> Task goal:
Below is a set of records, and all of them should be retyped exactly, minus the pictures.

[Collected data]
================================
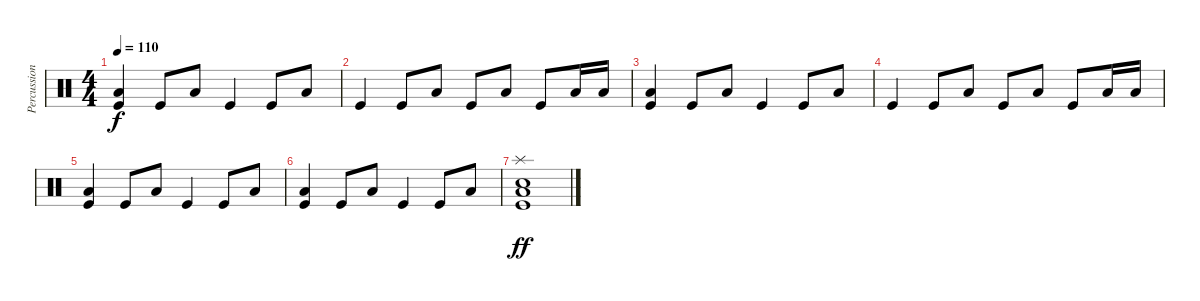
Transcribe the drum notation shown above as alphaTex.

\track ("Percussion" "Percussion") {instrument percussion}
\staff {score}
\articulation defaults
\ts (4 4)
\tempo 110
\clef neutral
\ks c
("Kick (hit)" "Low Floor Tom (hit)").4{dy f} "Kick (hit)".8 "Low Floor Tom (hit)".8 "Kick (hit)".4 "Kick (hit)".8 "Low Floor Tom (hit)".8 |
"Kick (hit)".4 "Kick (hit)".8 "Low Floor Tom (hit)".8 "Kick (hit)".8 "Low Floor Tom (hit)".8 "Kick (hit)".8 "Low Floor Tom (hit)".16 "Low Floor Tom (hit)".16 |
("Kick (hit)" "Low Floor Tom (hit)").4 "Kick (hit)".8 "Low Floor Tom (hit)".8 "Kick (hit)".4 "Kick (hit)".8 "Low Floor Tom (hit)".8 |
"Kick (hit)".4 "Kick (hit)".8 "Low Floor Tom (hit)".8 "Kick (hit)".8 "Low Floor Tom (hit)".8 "Kick (hit)".8 "Low Floor Tom (hit)".16 "Low Floor Tom (hit)".16 |
("Kick (hit)" "Low Floor Tom (hit)").4 "Kick (hit)".8 "Low Floor Tom (hit)".8 "Kick (hit)".4 "Kick (hit)".8 "Low Floor Tom (hit)".8 |
("Kick (hit)" "Low Floor Tom (hit)").4 "Kick (hit)".8 "Low Floor Tom (hit)".8 "Kick (hit)".4 "Kick (hit)".8 "Low Floor Tom (hit)".8 |
("Snare (hit) 2" "Kick (hit)" "Low Floor Tom (hit)" "Splash (hit)").1{dy ff}
================================
> Expected answer:
Transcribe the drum notation shown above as alphaTex.

\track ("Percussion" "Percussion") {instrument percussion}
\staff {score}
\articulation defaults
\ts (4 4)
\tempo 110
\clef neutral
\ks c
("Kick (hit)" "Low Floor Tom (hit)").4{dy f} "Kick (hit)".8 "Low Floor Tom (hit)".8 "Kick (hit)".4 "Kick (hit)".8 "Low Floor Tom (hit)".8 |
"Kick (hit)".4 "Kick (hit)".8 "Low Floor Tom (hit)".8 "Kick (hit)".8 "Low Floor Tom (hit)".8 "Kick (hit)".8 "Low Floor Tom (hit)".16 "Low Floor Tom (hit)".16 |
("Kick (hit)" "Low Floor Tom (hit)").4 "Kick (hit)".8 "Low Floor Tom (hit)".8 "Kick (hit)".4 "Kick (hit)".8 "Low Floor Tom (hit)".8 |
"Kick (hit)".4 "Kick (hit)".8 "Low Floor Tom (hit)".8 "Kick (hit)".8 "Low Floor Tom (hit)".8 "Kick (hit)".8 "Low Floor Tom (hit)".16 "Low Floor Tom (hit)".16 |
("Kick (hit)" "Low Floor Tom (hit)").4 "Kick (hit)".8 "Low Floor Tom (hit)".8 "Kick (hit)".4 "Kick (hit)".8 "Low Floor Tom (hit)".8 |
("Kick (hit)" "Low Floor Tom (hit)").4 "Kick (hit)".8 "Low Floor Tom (hit)".8 "Kick (hit)".4 "Kick (hit)".8 "Low Floor Tom (hit)".8 |
("Snare (hit) 2" "Kick (hit)" "Low Floor Tom (hit)" "Splash (hit)").1{dy ff}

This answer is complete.